ENERXICO, in the frontier of technology, is applying Artificial Intelligence (AI) techniques to automate different stages in the numerical simulators used in the oil and gas industry. Machine Learning (ML) techniques such as Deep Learning (DL) and Reinforcement Learning (RL) are being applied to help in the optimisation and tuning of the initial parameters that are needed as input data in the Black Hole (BH) oil reservoir simulator code.
Predicting fluid properties
As a first stage to automate the use of the BH numerical simulator, ENERXICO is starting with the particular case of its PVT fluid characterisation package. This package uses an Equation of State (EoS) to calculate and predict the volumetric and transport properties of reservoir fluids under different Temperature and Pressure conditions. Then, in order to provide a reasonable prediction of the fluid properties, experimental data for the particular fluid of interest must be available and the EoS parameters must be tuned to match this experimental information. Therefore, the EoS parameter tuning process is an important and complex stage due to all the different features, parameters and information that should be taken into account to fit the EoS parameters with the best possible accuracy. Usually, the experts decide about the particular approach to follow depending on the reservoir conditions and the type of fluid they are handling and make decisions like which EoS model should be chosen, e.g. Peng-Robinson and Soave-Redlich-Kwong EoS, among others, in such a way that fits the experimental data better under specific conditions.
Also, once the simulator has a tentative set of EoS tuned parameters, the model is compared with the actual experimental data, and from this comparison we know if the EoS model is accurate enough to describe the behavior of the reservoir fluid and then be capable to forecast the actual reservoir behavior. Sometimes the tuning process is not so easy or evident and may take days or even weeks for the experts to really get the best match. This complexity is due to the fact that there are several parameters (hundreds of different parameters, pure component and binary parameters) to consider when the simulation is run. Indeed, the different combinations that can be made fixing some parameters and tuning others can follow a Pareto curve. This exponential growth of combinations of the different parameters is the reason why we need the expertise of the people that have many years in the industry.
How the ENERXICO AI architecture works
In order to help in the tuning process and obtain the EoS model fitted with less time and resources, ENERXICO is developing an AI architecture called BH-AI which uses DL and RL in different steps of the pipeline. This architecture would learn from the experts, but also has an iterative process that helps to generate more data to be used in the training process. BH-AI will be able to help the experts find the best sets of parameters to tune the EoS model with great accuracy and in a smaller amount of time. That means that the BH-AI pipeline, that is in the process of being developed, is going to be able to find the best set of parameters that produce an EoS model that fits the laboratory data with great accuracy.
The architecture proposed to be used to solve this first stage is described below.
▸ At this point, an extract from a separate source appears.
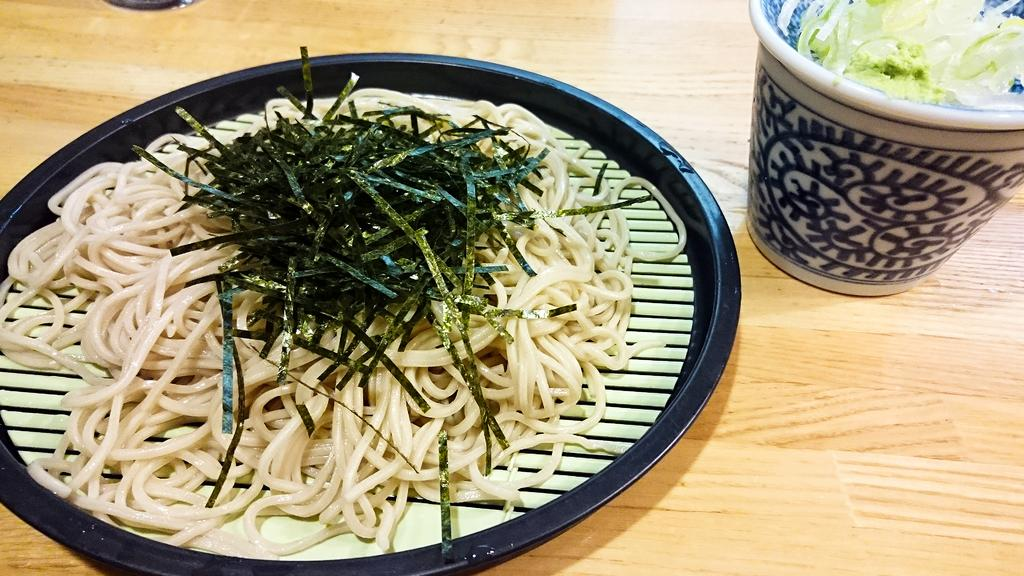What piece of furniture is present in the image? There is a table in the image. What is placed on the table? There is a glass and a plate on the table. What is on the plate? The plate contains noodles and another food item. What is in the glass? The glass contains a food item. What type of paint is being used to decorate the maid's apron in the image? There is no maid or paint present in the image. What type of bread is being served on the plate with the noodles? The plate contains noodles and another food item, but there is no mention of bread in the image.

The first issue that ENERXICO wants to solve is the Dimensionality Reduction. The project needs to deal with the problem of high dimensionality since this problem arises because of the quantity of parameters that should be considered in the process of the EoS tuning. As mentioned before, the number of parameters that influence the tuning of the EoS is in the range of hundreds. Some of these parameters are physical conditions that are considered as constants in the model, but others can be tweaked in such a way that the resultant EoS model will reproduce with great accuracy the experimental data. However, some of those parameters don't have too much implication in the EoS tuning, or they are correlated with other parameters. Those parameters which show that linear dependency, can be reduced, applying some transformations and normalizations to them. The objective is to minimize the number of parameters that have the freedom to be tweaked.
There are different techniques to do this Dimensionality Reduction, and ENERXICO is experimenting with some of them. For instance, researchers are in the process of testing the neural networks called Multilayer Perceptrons (MP) which are a type of DL neural network. MP is being tested to handle the important part of the whole system which is the reduction of parameters.
The second important step in the pipeline (omitting all the steps of cleaning, normalising and storing the data, which are not less important) is the step in which the BH-AI is going to be trained to learn from the experts and from its own iterative process. In this stage, different Reinforcement Learning Techniques and RL techniques are being tested to find the better option. This pertains to the technique which has the better accuracy when matching the resultant EoS model with the experimental data.
In the RL process, ENERXICO is looking for the function (policy) which dictates an optimal action a for the current state of the system s. This will result in the “action-reaction” system description which is going to evolve with the time.
By using RL, ENERXICO can help the simulator to consider the evolution of the system under different input scenarios. Due that the simulator is already calibrated, the simulator in that moment is no longer considered by the AI system as a black box, but as an interactive system of agents interacting with the environment in discrete time steps.
After finishing with the training of the different RL techniques that are being developing at this moment, the project is going to decide which one is the best testing option in a scenario that it has not seen yet. This step is going to be crucial to decide about the accuracy of the model, and to decide if it is ready to be released as the first version of the ENERXICO BH-AI architecture.